Let us remark that GR admits BH solutions with topological baryon hairs as BH skyrme solutions [40,41,42,43,44]. Thus, there are also B-hairy instantonic configurations as well because of gravitational instanton/BH correspondence. (We never found such a remark on BH skyrme and gravitational instantons in any references in litterature but it appears to us a direct consequence of the gravitational instanton/BH correspondence.) In BH Baryon/Skyrme solution, Baryon hair is preserved as a topological charge, associated to a topological conservation current, from quantum gravity effects [45]. This would suggest the emergence of topological selection rules which limit the possibility of B-violations from skyrme BHs: for example if the skyrme BH had $B=-1$ charge, a transition to a WH $(B=+1)$ would violate the B-number of $|\Delta B|=2$ and its topological current.

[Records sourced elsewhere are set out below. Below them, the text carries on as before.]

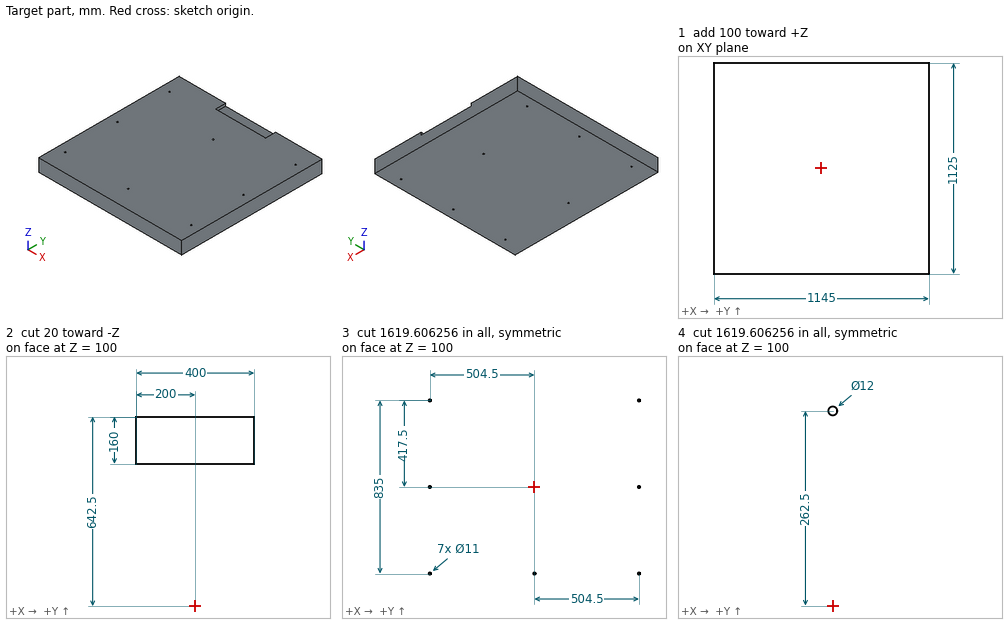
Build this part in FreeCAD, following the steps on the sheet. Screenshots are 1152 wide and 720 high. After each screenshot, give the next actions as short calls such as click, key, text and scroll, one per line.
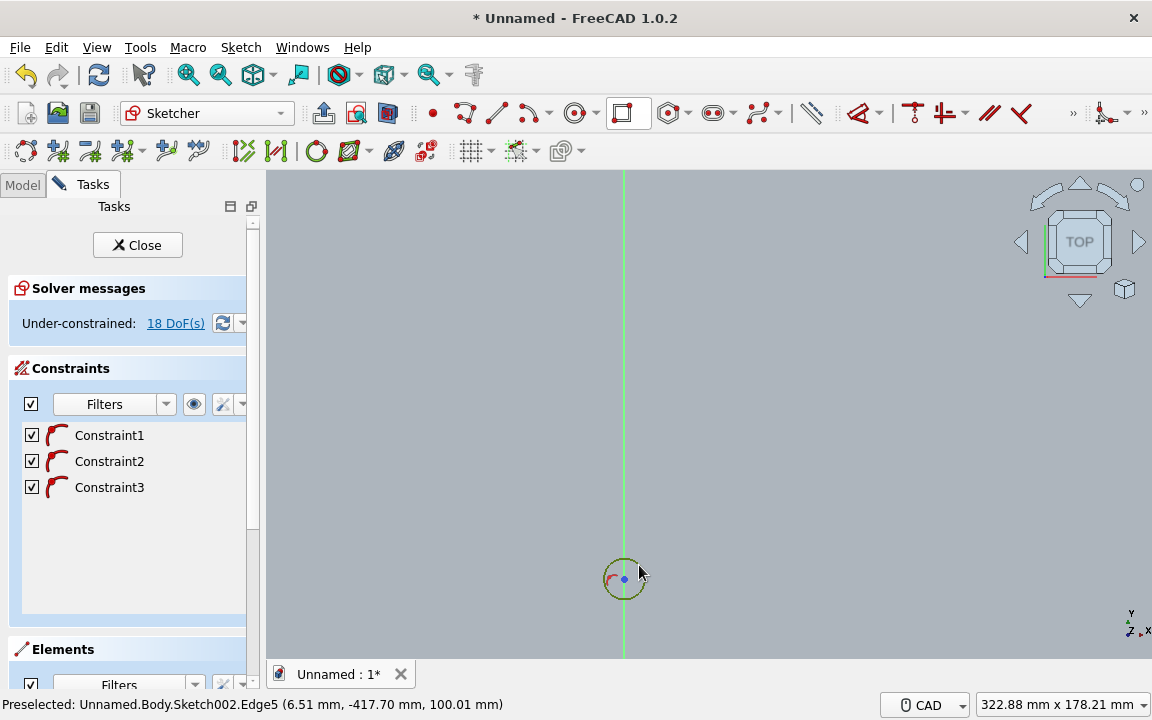
scroll(643, 570, down, 10)
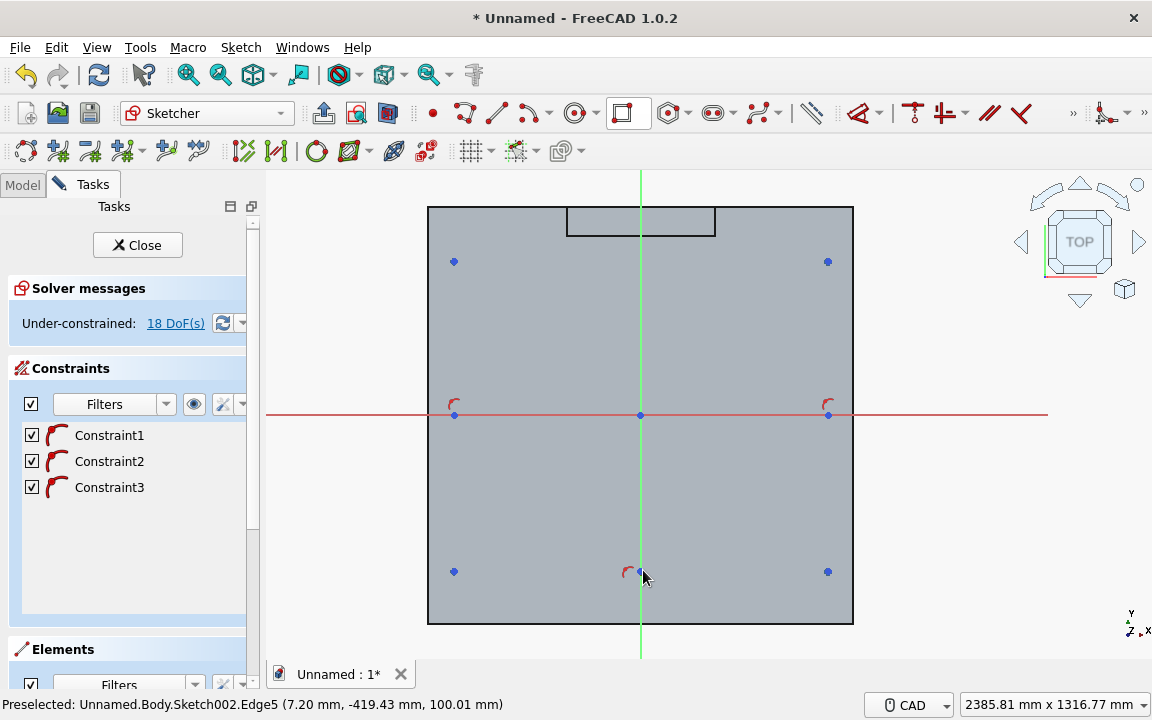
scroll(455, 414, up, 12)
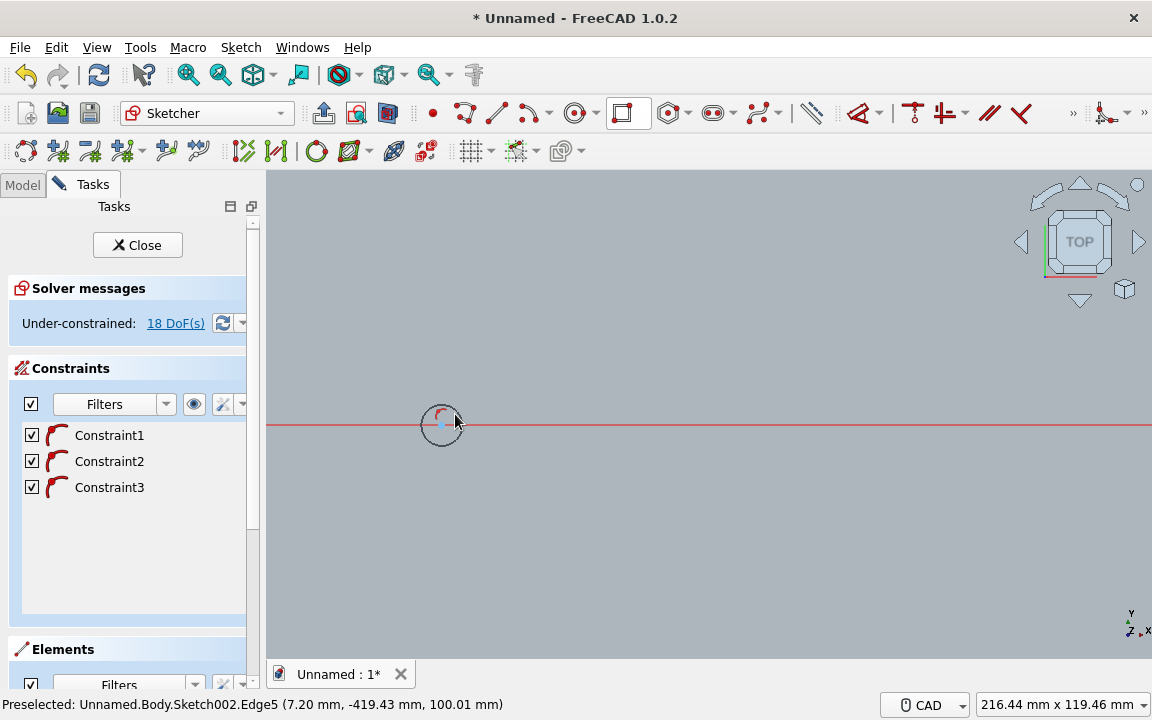
click(456, 411)

Nevertheless, following this logic, concerning neutrons, one may consider a transition process as $n+\widetilde{BH}\to \overline{n}+\widetilde{WH}$, where $\widetilde{BH},\widetilde{WH}$ denote $B=\mp 1$ hairy BH(WH) skyrme/antiskyrme (Figure 1). Such a process is completely Baryon-number preserving. We can think the neutron-$\widetilde{BH}$ as a $B=0$ bound state which can transform to a antineutron-$\widetilde{WH}$ system, without any violations of the topological B-number conservation. Let us also remark that such instantons do not destabilize protons and neutrons as $p\to l^{+}{\pi }^0$, $n\to l^{+}{\pi }^{-}$ and in general into any lepton/meson decay channel. For example $n\widetilde{BH}\to \widetilde{WH}{l}^{+}{\pi }^{-}$ does not preserve the baryon number, violating the B-topological protection while the $n\widetilde{BH}\to \widetilde{BH}{l}^{+}{\pi }^{-}$ has the same transition probability of the SM-transition for energies well below the Planck scale. Indeed, no any skyrme BH can have a lepton number since originated from quarks, while lepto-quarks mediating proton decay would be problematic di per se, as well as beyond our no-new-particle approach.

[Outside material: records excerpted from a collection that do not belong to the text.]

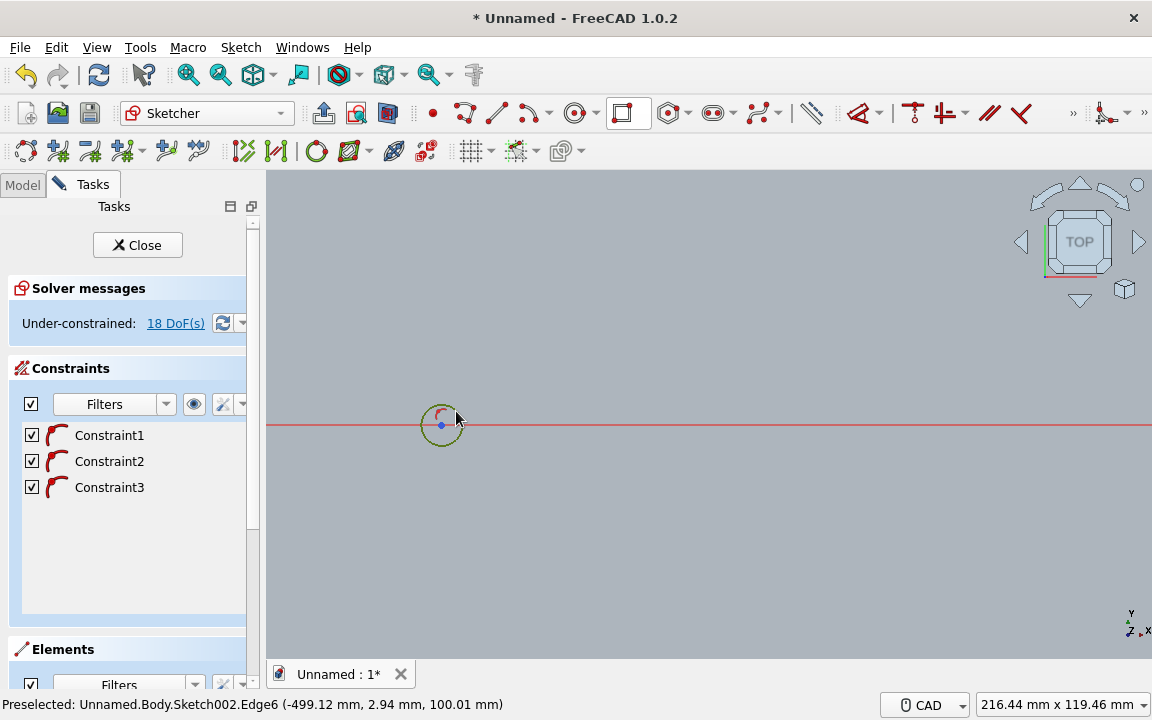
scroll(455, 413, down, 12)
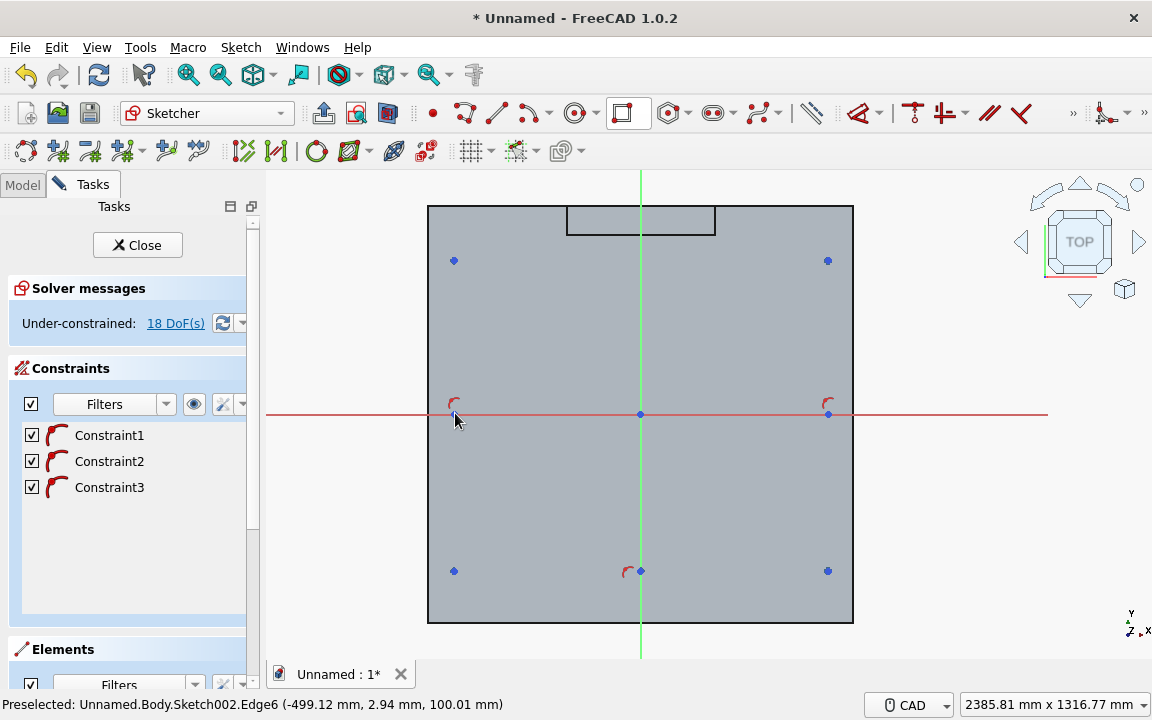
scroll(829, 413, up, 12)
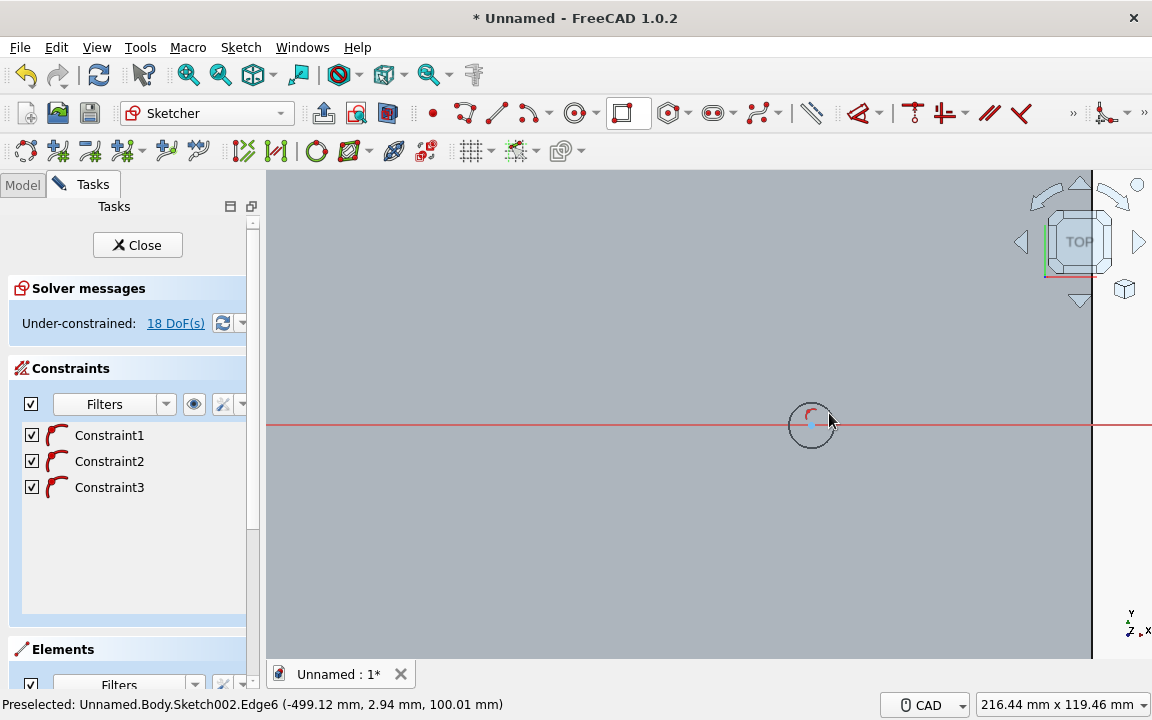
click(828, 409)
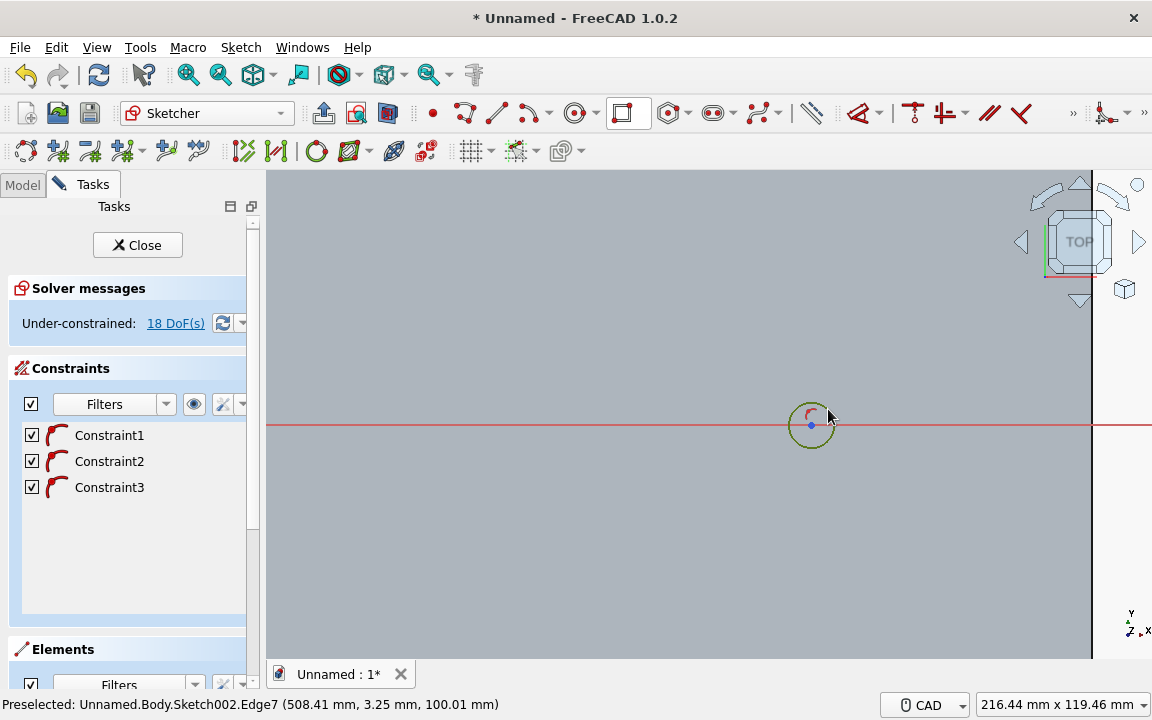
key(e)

Indeed, skyrme BHs can have topological B-hairs that are not localized in the the BH radius but on a larger skyrmion radius. In other words, it is possible that micro-BH, even Planckian size ones, can have Baryon/skyrme hairs spread on a much larger radius as $R_{skyrme}>>R_{BH}$. In this case, the skyrme BH is coupled to the neutron rather than the single quarks if $R_{skyrme}\ge {\Lambda }_{QCD}^{-1}$ (see Figure 2).

The neutron–antineutron transition rate induced by quantum gravity effect maximally scales as the Planck scale. Nevertheless an entropic factor suppression associated to the BH-WH transition has also to be included:

$$\langle n,BH|\overline{n},WH\rangle \sim e^{-{\overline{I}}_E}\sim e^{-N}\to \Gamma (n\to \overline{n})\simeq M_{Pl}{e}^{-N}.$$

(2)

where N is the number of qubit stored in the micro-BH. Another way to see the $n\to \overline{n}$ is as an oscillation on a non-trivial vacuum state of quantum gravity. The $n-\overline{n}$ transition can be induced by the gravitational skyrme instanton background as ${\langle nn+h.c\rangle }_{\mathcal{M}}$ $\to M_{Pl}{e}^{-I_E}nn+h.c$ where $\mathcal{M}$ is the non-trivial euclidean topology of the gravitational instantons. In our case, the gravitational instanton is topologically equivalent to a $S_2\times S_2$ double 2-sphere with two conical string defects, –since skyrme BH has conical angle defects in its metric as in the case of topological cosmic strings [40].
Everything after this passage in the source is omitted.